On the administration’s attempts to close Gitmo it notes “Under a law adopted by Congress, Hagel, as defense secretary, had the ultimate responsibility for approving the transfer of inmates to other countries. And it meant he would bear the blame if a released detainee later took up arms against the United States. The White House, trying to fulfill Obama’s promise to close the facility that has been condemned by human rights groups as a legal black hole, pressed Hagel to approve transferring inmates to other countries. But Hagel often refused or delayed signing off on dozens of transfers when he judged the security risk too high, often based on advice inside the Defense Department. The White House grew deeply frustrated with Hagel over the delays”.

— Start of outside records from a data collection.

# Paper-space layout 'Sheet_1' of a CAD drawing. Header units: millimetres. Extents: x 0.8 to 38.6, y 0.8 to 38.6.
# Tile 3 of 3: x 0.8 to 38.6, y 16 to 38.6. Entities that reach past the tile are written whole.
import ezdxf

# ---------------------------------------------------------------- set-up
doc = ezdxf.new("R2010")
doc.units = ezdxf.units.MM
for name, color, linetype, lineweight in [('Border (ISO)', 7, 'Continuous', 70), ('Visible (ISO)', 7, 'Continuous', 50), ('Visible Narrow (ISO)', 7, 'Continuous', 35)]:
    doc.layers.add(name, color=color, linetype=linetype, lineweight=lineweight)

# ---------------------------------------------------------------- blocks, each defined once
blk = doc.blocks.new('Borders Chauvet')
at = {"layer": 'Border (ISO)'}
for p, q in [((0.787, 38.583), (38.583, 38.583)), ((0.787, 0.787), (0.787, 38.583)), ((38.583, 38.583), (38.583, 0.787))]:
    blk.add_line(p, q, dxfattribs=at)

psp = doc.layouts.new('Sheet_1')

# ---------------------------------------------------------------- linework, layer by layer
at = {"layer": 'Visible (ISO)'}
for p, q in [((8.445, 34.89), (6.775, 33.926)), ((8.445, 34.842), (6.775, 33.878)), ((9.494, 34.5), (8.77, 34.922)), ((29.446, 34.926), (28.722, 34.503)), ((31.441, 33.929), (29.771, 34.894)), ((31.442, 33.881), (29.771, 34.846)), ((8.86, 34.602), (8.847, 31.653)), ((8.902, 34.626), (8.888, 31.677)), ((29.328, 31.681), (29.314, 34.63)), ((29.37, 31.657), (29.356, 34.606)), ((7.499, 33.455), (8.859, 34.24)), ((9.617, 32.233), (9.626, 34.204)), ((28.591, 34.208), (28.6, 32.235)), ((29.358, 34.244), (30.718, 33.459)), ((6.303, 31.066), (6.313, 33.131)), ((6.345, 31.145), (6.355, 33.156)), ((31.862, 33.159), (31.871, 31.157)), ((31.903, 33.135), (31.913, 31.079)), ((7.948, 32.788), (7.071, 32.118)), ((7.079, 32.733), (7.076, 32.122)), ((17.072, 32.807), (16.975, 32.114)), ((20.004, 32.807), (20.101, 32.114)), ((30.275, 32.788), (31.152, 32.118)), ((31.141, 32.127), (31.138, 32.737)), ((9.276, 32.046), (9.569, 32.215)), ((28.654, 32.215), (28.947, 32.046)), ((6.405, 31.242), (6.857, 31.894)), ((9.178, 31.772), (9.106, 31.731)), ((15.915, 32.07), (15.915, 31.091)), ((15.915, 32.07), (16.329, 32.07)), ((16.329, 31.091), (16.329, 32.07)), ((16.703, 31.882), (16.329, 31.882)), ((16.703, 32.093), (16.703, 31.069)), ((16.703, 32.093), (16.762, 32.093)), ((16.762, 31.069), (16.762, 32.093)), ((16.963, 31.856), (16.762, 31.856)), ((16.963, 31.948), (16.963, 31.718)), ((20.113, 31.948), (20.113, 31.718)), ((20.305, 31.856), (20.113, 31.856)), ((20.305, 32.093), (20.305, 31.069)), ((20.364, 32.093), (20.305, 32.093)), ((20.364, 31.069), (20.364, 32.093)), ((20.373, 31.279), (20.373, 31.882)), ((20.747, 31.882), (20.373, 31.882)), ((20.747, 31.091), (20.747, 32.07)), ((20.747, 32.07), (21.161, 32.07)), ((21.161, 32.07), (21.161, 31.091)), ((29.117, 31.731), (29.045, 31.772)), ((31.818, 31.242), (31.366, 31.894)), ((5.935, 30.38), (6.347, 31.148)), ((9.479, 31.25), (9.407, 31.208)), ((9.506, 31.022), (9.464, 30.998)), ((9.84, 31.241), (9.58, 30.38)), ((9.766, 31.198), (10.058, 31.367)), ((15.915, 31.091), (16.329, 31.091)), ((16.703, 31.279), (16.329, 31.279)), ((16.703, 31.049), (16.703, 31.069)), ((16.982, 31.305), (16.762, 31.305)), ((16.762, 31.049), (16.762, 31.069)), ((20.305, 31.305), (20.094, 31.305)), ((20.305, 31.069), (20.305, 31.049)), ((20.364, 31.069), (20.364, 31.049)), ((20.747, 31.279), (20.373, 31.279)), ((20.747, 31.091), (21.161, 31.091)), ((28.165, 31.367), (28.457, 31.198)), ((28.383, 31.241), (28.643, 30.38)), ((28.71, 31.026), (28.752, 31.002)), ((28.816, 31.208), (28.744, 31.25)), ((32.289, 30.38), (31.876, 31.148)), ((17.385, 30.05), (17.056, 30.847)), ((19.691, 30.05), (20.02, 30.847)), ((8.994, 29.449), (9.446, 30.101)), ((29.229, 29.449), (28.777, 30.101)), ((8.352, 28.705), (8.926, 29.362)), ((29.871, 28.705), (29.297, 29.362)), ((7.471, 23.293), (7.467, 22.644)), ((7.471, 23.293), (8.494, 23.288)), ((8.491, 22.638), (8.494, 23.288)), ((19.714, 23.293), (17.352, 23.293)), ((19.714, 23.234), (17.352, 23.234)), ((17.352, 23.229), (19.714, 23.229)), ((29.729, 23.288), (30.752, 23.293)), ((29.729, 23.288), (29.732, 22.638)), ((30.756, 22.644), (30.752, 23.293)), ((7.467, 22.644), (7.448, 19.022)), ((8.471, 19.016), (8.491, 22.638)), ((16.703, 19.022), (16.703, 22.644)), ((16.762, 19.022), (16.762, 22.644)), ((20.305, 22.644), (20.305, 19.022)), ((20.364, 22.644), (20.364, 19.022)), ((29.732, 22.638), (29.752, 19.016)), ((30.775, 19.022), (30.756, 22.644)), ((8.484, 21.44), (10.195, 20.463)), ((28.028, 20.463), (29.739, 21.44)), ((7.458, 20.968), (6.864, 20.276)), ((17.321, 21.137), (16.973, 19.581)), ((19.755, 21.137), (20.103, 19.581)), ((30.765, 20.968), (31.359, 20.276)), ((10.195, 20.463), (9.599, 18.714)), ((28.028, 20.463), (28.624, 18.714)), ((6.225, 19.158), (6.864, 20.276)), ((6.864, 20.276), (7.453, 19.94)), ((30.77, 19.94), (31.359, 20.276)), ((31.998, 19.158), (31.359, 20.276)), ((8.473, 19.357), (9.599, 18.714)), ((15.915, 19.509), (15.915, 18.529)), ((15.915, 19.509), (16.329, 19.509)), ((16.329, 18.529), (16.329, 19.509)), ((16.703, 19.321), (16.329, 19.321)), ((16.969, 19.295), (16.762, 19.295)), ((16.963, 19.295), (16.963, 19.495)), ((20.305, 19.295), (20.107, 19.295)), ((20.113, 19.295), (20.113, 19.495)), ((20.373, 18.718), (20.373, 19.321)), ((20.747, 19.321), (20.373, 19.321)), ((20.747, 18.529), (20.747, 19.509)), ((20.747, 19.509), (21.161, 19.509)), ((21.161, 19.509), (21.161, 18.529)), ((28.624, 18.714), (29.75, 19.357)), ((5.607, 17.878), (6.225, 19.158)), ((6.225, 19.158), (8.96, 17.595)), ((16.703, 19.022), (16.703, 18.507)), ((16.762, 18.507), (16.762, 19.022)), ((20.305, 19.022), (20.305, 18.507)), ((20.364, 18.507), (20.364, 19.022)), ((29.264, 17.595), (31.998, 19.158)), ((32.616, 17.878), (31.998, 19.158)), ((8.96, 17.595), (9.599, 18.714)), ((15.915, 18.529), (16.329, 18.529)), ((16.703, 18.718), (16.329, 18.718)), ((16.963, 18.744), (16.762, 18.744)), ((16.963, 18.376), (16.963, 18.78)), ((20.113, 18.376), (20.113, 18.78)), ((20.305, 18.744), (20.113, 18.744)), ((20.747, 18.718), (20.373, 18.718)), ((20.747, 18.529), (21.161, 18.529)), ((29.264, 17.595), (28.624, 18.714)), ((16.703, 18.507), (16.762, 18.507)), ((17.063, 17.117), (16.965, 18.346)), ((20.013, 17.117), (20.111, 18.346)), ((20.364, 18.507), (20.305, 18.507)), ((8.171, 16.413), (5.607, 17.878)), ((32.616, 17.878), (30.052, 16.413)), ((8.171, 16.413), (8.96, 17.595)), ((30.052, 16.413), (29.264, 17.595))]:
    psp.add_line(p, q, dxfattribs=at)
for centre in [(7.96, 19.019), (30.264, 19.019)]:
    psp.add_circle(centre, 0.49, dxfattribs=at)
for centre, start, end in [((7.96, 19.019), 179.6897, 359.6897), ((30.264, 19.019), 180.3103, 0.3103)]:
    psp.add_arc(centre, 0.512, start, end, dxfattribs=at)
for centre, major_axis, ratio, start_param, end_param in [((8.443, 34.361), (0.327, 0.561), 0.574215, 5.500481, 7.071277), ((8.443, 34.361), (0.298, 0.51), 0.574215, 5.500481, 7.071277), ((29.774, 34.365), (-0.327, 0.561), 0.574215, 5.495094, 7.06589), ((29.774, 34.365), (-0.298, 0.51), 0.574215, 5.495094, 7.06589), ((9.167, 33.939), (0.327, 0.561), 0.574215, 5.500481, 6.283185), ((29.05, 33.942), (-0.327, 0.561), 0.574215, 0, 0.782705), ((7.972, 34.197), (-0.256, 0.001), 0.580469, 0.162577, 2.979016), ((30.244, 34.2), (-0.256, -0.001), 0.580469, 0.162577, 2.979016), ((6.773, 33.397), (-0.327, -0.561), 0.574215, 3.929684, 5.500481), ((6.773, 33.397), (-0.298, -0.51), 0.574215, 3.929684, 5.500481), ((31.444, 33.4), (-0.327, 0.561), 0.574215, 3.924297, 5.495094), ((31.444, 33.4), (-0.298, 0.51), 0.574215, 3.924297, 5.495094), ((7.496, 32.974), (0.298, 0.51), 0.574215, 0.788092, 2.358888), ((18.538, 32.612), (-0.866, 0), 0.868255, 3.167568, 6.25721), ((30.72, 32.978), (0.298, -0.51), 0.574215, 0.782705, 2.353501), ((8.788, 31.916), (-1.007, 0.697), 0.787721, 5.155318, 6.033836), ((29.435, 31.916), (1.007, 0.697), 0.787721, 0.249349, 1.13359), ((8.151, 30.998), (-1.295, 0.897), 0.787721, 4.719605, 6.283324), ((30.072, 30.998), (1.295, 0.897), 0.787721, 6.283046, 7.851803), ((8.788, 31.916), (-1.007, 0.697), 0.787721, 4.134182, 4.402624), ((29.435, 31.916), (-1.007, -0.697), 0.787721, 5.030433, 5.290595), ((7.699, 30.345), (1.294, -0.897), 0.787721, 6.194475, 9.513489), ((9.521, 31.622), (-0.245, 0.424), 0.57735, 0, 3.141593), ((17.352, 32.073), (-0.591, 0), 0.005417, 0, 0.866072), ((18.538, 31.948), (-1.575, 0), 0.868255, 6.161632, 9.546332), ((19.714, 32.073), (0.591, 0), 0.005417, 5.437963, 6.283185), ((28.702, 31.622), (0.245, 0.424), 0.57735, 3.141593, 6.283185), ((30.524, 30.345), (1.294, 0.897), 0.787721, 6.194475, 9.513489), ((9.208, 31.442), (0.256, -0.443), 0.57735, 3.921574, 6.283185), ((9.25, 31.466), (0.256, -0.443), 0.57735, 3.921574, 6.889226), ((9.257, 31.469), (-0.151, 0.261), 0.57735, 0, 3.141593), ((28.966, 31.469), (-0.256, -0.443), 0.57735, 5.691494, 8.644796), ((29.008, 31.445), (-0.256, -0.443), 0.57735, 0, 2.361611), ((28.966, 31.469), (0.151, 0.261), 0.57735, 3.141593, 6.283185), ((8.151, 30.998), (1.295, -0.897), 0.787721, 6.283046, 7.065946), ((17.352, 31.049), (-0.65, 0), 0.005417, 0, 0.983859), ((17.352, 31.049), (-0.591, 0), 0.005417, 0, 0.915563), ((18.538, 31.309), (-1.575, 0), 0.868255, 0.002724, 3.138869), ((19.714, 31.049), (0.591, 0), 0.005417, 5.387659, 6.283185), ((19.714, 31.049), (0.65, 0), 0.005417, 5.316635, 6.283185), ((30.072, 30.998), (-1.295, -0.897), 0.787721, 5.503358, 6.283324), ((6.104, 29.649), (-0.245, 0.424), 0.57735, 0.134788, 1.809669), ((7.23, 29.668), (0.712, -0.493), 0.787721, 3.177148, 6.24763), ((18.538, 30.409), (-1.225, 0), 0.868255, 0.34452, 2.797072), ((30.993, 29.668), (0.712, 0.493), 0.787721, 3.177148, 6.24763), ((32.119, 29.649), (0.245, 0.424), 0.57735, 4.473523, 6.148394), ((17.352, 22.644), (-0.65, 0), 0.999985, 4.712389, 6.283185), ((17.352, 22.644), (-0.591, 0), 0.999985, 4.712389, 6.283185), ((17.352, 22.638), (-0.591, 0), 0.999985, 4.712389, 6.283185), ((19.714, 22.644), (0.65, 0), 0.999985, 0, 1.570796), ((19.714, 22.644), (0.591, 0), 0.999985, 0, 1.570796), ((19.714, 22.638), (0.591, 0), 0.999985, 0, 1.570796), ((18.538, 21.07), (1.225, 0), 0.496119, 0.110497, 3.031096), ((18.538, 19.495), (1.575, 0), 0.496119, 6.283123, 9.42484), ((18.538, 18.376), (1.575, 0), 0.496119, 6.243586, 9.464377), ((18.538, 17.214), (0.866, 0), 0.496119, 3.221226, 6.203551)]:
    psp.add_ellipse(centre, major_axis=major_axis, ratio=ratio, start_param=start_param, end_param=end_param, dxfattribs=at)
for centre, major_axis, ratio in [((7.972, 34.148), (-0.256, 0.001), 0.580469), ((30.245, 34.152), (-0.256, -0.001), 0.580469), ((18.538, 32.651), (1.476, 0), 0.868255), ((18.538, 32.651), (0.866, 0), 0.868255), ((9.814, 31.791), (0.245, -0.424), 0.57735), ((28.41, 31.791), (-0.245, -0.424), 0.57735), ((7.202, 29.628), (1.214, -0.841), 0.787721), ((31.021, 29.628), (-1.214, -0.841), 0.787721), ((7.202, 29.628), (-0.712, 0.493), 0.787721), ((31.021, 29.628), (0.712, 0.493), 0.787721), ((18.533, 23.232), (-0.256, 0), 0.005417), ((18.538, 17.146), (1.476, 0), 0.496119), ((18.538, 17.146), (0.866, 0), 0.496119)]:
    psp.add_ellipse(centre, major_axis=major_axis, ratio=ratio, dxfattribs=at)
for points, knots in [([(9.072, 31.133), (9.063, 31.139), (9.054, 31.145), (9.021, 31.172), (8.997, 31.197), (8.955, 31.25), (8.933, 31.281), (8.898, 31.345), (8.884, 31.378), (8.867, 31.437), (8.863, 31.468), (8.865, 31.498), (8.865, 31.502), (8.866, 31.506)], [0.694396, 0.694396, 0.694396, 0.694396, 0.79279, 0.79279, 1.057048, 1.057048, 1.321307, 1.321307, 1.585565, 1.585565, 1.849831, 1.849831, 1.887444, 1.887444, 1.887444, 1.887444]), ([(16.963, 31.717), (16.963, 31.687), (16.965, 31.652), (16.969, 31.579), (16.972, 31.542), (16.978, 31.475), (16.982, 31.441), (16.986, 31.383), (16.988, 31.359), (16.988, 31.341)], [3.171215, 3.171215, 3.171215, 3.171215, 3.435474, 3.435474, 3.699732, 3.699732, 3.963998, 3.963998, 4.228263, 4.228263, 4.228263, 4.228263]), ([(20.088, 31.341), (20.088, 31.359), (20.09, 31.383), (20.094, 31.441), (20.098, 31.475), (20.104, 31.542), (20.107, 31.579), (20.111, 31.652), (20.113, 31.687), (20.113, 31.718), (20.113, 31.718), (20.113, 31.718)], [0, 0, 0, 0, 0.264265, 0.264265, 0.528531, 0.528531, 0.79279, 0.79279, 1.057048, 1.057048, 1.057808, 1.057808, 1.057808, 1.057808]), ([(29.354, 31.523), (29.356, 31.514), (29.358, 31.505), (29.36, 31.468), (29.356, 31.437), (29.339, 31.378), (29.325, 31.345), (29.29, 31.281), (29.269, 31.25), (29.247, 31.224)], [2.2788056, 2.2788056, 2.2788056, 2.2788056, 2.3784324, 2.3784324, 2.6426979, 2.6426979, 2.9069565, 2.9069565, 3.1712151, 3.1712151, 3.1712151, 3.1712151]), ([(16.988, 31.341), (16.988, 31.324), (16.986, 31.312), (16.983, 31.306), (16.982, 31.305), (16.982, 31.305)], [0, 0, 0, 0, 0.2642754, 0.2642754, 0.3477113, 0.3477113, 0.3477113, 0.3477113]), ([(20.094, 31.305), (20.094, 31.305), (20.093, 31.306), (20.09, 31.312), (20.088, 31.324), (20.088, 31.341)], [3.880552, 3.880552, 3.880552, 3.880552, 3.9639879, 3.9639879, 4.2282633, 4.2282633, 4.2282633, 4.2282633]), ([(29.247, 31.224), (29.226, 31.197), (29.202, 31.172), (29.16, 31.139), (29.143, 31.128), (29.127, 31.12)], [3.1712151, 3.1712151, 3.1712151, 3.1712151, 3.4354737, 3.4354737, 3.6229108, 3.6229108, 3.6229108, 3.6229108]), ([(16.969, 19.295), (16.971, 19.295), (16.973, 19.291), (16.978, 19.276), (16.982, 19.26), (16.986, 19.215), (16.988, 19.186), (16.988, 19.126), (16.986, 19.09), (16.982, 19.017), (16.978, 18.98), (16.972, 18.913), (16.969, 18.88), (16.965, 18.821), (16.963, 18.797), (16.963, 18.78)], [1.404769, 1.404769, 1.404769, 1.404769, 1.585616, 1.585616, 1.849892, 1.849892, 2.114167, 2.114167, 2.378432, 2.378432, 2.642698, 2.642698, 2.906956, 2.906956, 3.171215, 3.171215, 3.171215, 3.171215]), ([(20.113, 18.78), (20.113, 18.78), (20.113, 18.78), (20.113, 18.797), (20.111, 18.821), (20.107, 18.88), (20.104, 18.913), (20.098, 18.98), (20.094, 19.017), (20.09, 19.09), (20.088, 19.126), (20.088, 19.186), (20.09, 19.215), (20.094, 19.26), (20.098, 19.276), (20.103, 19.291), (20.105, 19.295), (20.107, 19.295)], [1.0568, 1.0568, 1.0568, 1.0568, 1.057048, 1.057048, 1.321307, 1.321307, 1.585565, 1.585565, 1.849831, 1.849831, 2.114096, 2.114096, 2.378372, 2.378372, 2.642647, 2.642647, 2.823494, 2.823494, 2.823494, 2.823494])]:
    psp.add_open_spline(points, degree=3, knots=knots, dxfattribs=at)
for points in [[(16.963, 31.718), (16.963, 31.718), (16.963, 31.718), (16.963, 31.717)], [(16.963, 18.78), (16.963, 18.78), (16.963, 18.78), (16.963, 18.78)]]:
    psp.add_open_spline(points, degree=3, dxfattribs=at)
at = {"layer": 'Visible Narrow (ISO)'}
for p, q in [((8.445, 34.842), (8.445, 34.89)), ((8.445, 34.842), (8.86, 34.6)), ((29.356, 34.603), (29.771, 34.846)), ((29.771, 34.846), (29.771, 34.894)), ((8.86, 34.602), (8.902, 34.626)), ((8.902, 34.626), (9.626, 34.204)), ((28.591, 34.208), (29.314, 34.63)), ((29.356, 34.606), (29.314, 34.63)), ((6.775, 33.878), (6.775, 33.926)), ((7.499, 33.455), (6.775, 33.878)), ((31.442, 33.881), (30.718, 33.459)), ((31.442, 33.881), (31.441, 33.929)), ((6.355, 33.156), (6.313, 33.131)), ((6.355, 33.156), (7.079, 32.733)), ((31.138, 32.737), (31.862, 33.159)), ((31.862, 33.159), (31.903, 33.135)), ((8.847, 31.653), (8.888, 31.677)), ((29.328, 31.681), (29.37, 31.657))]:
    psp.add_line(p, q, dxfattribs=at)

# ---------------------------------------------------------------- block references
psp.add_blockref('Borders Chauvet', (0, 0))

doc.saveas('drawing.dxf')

Interestingly the piece adds “After clashing repeatedly with the White House, Hagel said it was probably inevitable that he would have to step down as Pentagon chief, given the friction that had developed. But he was not prepared for the humiliating way in which he was let go, “with certain people just really vilifying me in a gutless, off-the-record kind of way.” The White House asked Hagel if he would stay on until a successor was found, and he accepted. But even after he agreed to leave, Hagel said, some White House officials trashed him in anonymous comments to newspapers, claiming he rarely spoke at Situation Room meetings and deferred to Dempsey, the chairman of the Joint Chiefs. “They already had my resignation, so what was the point of just continuing to try to destroy me?” he said. It was a painful end to a career in which Hagel had gone from success to success. After his 1968 combat tour in Vietnam, where he was decorated with two Purple Hearts, he had served as a Capitol Hill staffer, worked as the deputy administrator for the Veterans Administration under President Ronald Reagan, made his fortune in the early years of the cellphone industry, handily won two terms as a senator for Nebraska, and was at one point considered a potential contender for the White House”.